I am dubious of a few items which are listed as toxic or not recommended for potters studios by

either Hesselberth and Roy, Mastering cone 6 glazes, p132 or Richard Zakin, Electric kiln ceramics 3rd Edition, p288. These include Barium carbonate, chrome oxide, and  Lithium carbonate. I am no expert but reading the Digital fire database further muddied my understanding. Cheers

I think the most dangerous raw materials in a ceramic studio are Silica/Flint and Talc.

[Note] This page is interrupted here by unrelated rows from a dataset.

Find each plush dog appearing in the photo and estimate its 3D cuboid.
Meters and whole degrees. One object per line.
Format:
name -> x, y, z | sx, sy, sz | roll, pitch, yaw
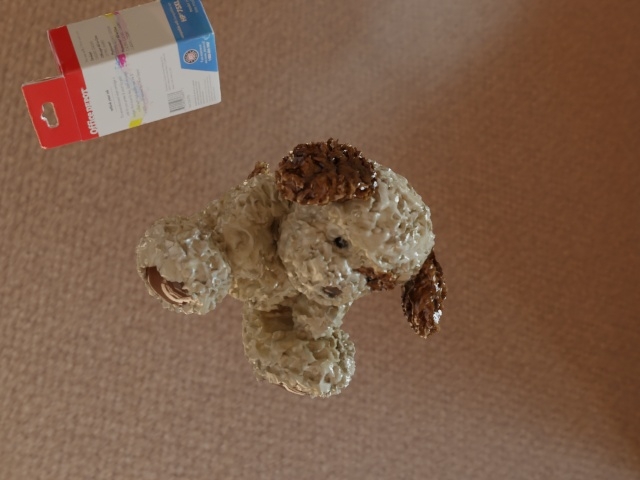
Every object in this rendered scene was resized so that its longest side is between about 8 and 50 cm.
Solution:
plush dog -> 0.000, 0.000, 1.060 | 0.262, 0.225, 0.211 | 45, 47, -37

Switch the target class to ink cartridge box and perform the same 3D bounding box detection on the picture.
ink cartridge box -> -0.243, -0.203, 1.410 | 0.231, 0.134, 0.078 | -17, 60, -11
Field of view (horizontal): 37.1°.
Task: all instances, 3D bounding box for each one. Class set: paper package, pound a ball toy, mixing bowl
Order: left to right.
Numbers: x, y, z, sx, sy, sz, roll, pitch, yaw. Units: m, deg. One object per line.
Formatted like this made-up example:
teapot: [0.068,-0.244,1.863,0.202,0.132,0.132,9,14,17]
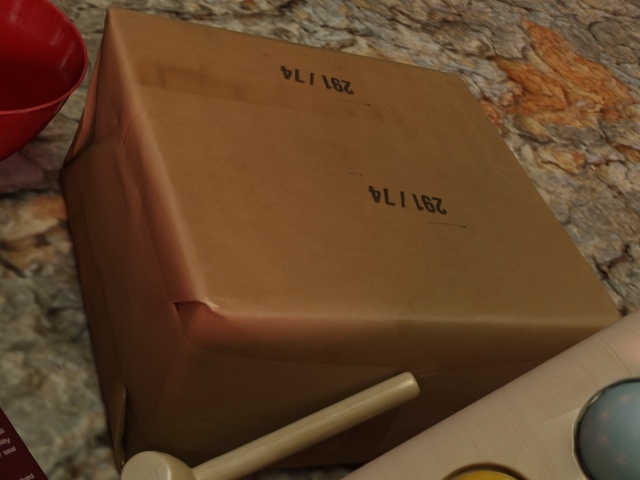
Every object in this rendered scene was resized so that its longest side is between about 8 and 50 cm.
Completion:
mixing bowl: [-0.275,-0.119,0.716,0.181,0.098,0.181,17,40,-15]
paper package: [0.000,0.000,0.706,0.324,0.168,0.309,3,44,-29]
pound a ball toy: [0.050,0.130,0.479,0.319,0.136,0.208,-29,57,3]

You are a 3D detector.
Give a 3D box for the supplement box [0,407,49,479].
supplement box: [-0.203,0.124,0.468,0.073,0.130,0.239,-20,60,-45]
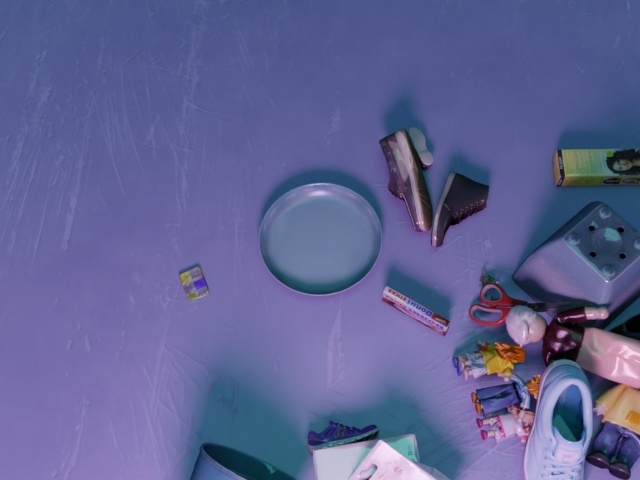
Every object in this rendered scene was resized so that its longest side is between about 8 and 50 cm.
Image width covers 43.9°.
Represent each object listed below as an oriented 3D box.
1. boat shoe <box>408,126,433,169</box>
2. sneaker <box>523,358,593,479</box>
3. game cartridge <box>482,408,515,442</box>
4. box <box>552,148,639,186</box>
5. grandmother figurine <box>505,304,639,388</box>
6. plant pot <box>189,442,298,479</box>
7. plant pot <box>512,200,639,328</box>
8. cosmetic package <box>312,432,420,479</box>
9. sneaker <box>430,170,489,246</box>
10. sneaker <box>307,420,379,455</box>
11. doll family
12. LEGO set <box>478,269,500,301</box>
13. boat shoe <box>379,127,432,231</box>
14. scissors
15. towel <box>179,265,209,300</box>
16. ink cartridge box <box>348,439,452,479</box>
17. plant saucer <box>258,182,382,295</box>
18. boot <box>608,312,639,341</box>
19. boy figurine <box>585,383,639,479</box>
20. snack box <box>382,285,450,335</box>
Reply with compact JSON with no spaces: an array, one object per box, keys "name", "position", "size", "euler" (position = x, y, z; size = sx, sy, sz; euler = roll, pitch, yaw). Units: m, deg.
[{"name":"boat shoe","position":[0.267,-0.248,2.147],"size":[0.046,0.038,0.125],"euler":[-13,65,-24]},{"name":"sneaker","position":[0.509,0.445,1.700],"size":[0.135,0.150,0.366],"euler":[1,93,10]},{"name":"game cartridge","position":[0.417,0.422,1.848],"size":[0.056,0.017,0.083],"euler":[-18,66,-9]},{"name":"box","position":[0.734,-0.192,2.086],"size":[0.232,0.058,0.087],"euler":[-2,66,3]},{"name":"grandmother figurine","position":[0.582,0.238,1.790],"size":[0.342,0.104,0.208],"euler":[21,93,15]},{"name":"plant pot","position":[-0.183,0.605,1.678],"size":[0.271,0.271,0.255],"euler":[23,84,13]},{"name":"plant pot","position":[0.641,0.053,1.874],"size":[0.247,0.252,0.248],"euler":[-38,69,-13]},{"name":"cosmetic package","position":[0.101,0.498,1.776],"size":[0.231,0.117,0.085],"euler":[-8,65,-2]},{"name":"sneaker","position":[0.359,-0.073,2.037],"size":[0.118,0.083,0.222],"euler":[17,67,10]},{"name":"sneaker","position":[0.051,0.445,1.830],"size":[0.170,0.068,0.071],"euler":[-11,60,-1]},{"name":"doll family","position":[0.420,0.326,1.822],"size":[0.163,0.118,0.263],"euler":[-14,59,-6]},{"name":"LEGO set","position":[0.420,0.115,1.987],"size":[0.054,0.023,0.083],"euler":[4,79,7]},{"name":"boat shoe","position":[0.221,-0.151,2.078],"size":[0.092,0.103,0.285],"euler":[-18,76,21]},{"name":"scissors","position":[0.486,0.168,1.870],"size":[0.297,0.021,0.109],"euler":[10,71,42]},{"name":"towel","position":[-0.323,0.110,2.031],"size":[0.060,0.009,0.083],"euler":[-21,66,-7]},{"name":"ink cartridge box","position":[0.172,0.550,1.713],"size":[0.224,0.056,0.181],"euler":[36,103,4]},{"name":"plant saucer","position":[0.000,0.000,2.046],"size":[0.317,0.044,0.318],"euler":[-1,65,2]},{"name":"boot","position":[0.792,0.211,1.873],"size":[0.219,0.106,0.082],"euler":[-12,66,-2]},{"name":"boy figurine","position":[0.713,0.397,1.803],"size":[0.177,0.092,0.285],"euler":[28,72,18]},{"name":"snack box","position":[0.232,0.172,1.943],"size":[0.178,0.064,0.022],"euler":[29,69,15]}]
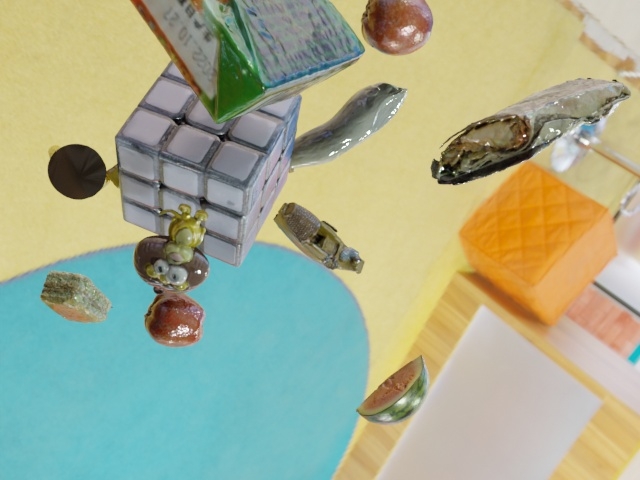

(also bentonite and some feldspars).

We all know these raw materials have very high levels of free silica which waft into the air and remain there after being disturbed. Respiratory exposure to silica is cumulative.

I may be wearing a respirator when I add flint or talc to a glaze recipe, and I hold it less just a few centimeters above the bottom of the container I'm adding it to, but there is still some free silica added to the air. The most dangerous part of the silica plume is the part we can't see because those are the particles which get trapped deep inside your lungs. And you take away free silica on your clothes, even after you wash your hands before removing the respirator.

Compare the clear hazard of free silica to other raw materials.

Chrome Oxide is a respiratory hazard, as are Manganese Dioxide, Cobalt Oxide or Carbonate, and Copper Oxide or Carbonate and Iron Oxide - but none of these items waft into the air and remain there like free silica does as they're very dense. All of these items are toxic if eaten (the iron is safe but not the contaminants in the iron oxide) and nano-particles of colorants can be absorbed through the skin in small quantity. Both chrome and manganese fumes from the kiln are a health hazard, and you can develop contact dermatitis to most colorant oxides after chronic exposure.

We should avoid eating Lithium Carbonate and Spodumene, and there is some leeching concern in a glaze. But Lithium Carbonate is used as a medication at levels thousands of times higher than any glaze could possibly leech.

I don't like to use Lithium Carbonate is because 29% of it doesn't get through our sieve. Even the finest grades leave 17% on a 100 mesh sieve. This is not a problem with Lithium Fluoride and is a much smaller problem with Spodumene.

Lithium Fluoride is a superior flux, will not decompose into Lithium and Fluorine at kiln temperatures, and its lithium isn't available to leech from a glaze.  Lithium Fluoride does cost twice as much as Lithium Carbonate, but it has no problem being sieved.

http://www.axner.com/lithium-fluoride.aspx

Barium Carbonate is a deadly poison if you eat it. In the stomach mixed with acid, it becomes Barium Chloride which is readily absorbed, unlike Barium Sulfate which you drink before taking some x-ray tests. Barium Carbonate is used as a rat poison, so using barium carbonate in place of wheat flour in foods causes a very high mortality rate.

http://www.ncbi.nlm.nih.gov/pmc/articles/PMC2827069/

You may not think you're using Barium  .  .  .

. . .  but it is added to prepared clays, slips, some iron oxides, and many prepared glazes.  Barium Carbonate or Barium Hydroxide/Barium Oxide is added to combine with free salts forming insoluble compounds which prevents scumming in fired clay and glazes. Reading the MSDS (Manufacturers Safety Disclosure Sheet) will tip you off to these inclusions.

http://digitalfire.com/4sight/hazards/ceramic_hazard_barium_carbona...

http://www.potters.org/subject17689.htm/

We had mice at our outdoor studio so I left out clumps of barium carbonate cheese and barium carbonate peanut butter for them. They kept eating these 50% barium carbonate treats for weeks before they died dehydrated or moved elsewhere in search of water. Larger mice may require such a large cumulative dose over time that you wonder it barium is actually toxic. As with lead, barium toxicity is cumulative so we don't let people use barium or leaded glazes on functional ware, but as a mouse or rat poison it leaves a lot to be desired.

We also have metal saturation glazes labelled as unsafe for food use, including manganese gold and metallic glazes and nickel and copper saturation glazes. But most of these colorants add a bitter taste to food if the colorant leeches into the food or drink, which is one reason why barium (tasteless) and lead (sweet or tasteless) are especially dangerous.